It consists of the zero vector together with all eigenvectors corresponding to \(\lambda\).

NoteDefinition 7.7: Algebraic and geometric multiplicity

Let \(\lambda_0\) be an eigenvalue of \(A\).

The algebraic multiplicity of \(\lambda_0\) is its multiplicity as a root of the characteristic polynomial.

The geometric multiplicity of \(\lambda_0\) is

\[ \dim E_{\lambda_0}. \]

NoteProposition 7.4: Multiplicity inequality

For every eigenvalue \(\lambda\),

\[ 1\leq \dim E_\lambda \leq \text{algebraic multiplicity of }\lambda. \]

Idea of proof

The eigenspace is nonzero because \(\lambda\) is an eigenvalue, so its dimension is at least \(1\).

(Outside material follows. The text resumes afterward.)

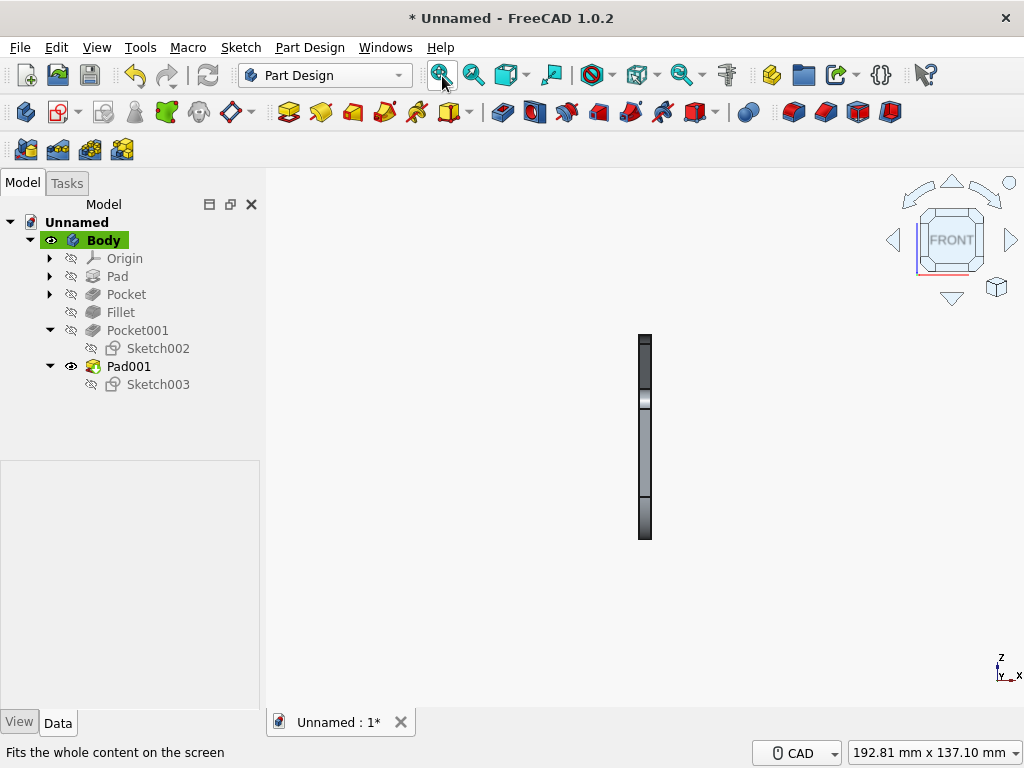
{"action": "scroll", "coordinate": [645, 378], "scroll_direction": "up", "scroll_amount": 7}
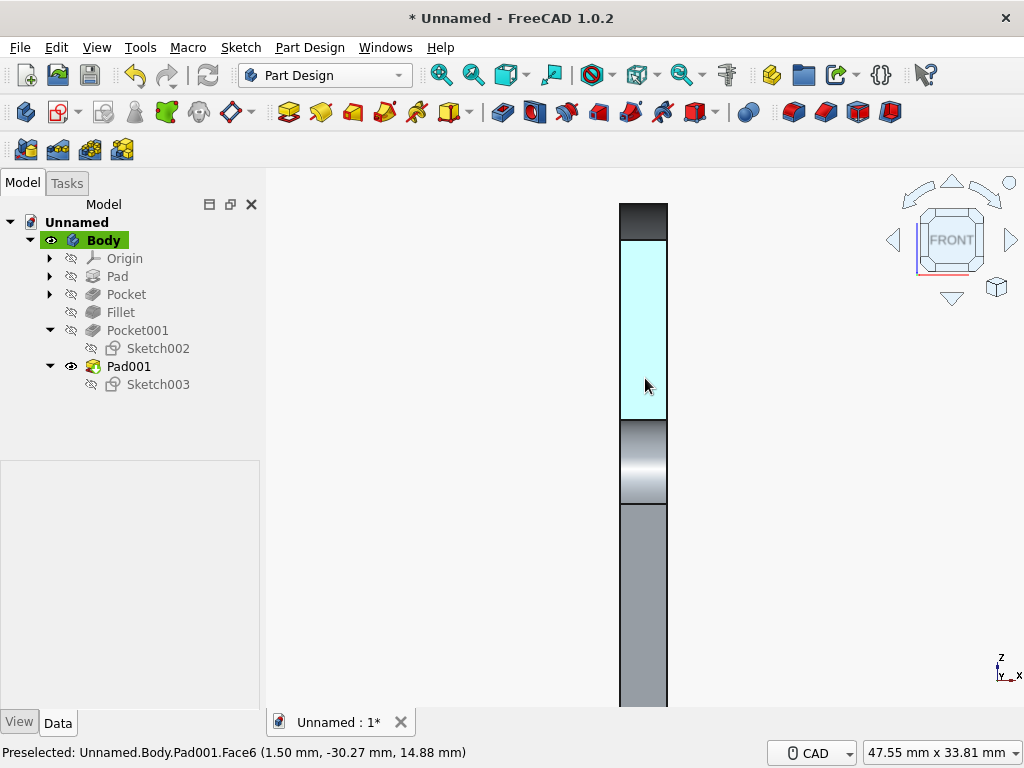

The upper bound is deeper. If \(\dim E_\lambda=r\), choose a basis of \(E_\lambda\) and extend it to a basis of the whole space. In this basis, the matrix of the transformation has a block triangular form whose first \(r\) diagonal entries are \(\lambda\). Therefore the characteristic polynomial has at least \(r\) factors corresponding to \(\lambda\). Hence \(r\) cannot exceed the algebraic multiplicity.

7.8 7.8 A complete diagonalization example

Let

\[ A= \begin{bmatrix} 4&-1&0\\ 2&1&0\\ 2&-1&2 \end{bmatrix}. \]

We will diagonalize \(A\), if possible.

First compute

\[ A-\lambda I= \begin{bmatrix} 4-\lambda&-1&0\\ 2&1-\lambda&0\\ 2&-1&2-\lambda \end{bmatrix}. \]

Expanding along the third column gives

\[ \det(A-\lambda I) =(2-\lambda)\det\begin{bmatrix}4-\lambda&-1\\2&1-\lambda\end{bmatrix}. \]

Now

\[ \det\begin{bmatrix}4-\lambda&-1\\2&1-\lambda\end{bmatrix} =(4-\lambda)(1-\lambda)+2 =\lambda^2-5\lambda+6. \]

Therefore

\[ \det(A-\lambda I)=(2-\lambda)(\lambda-2)(\lambda-3). \]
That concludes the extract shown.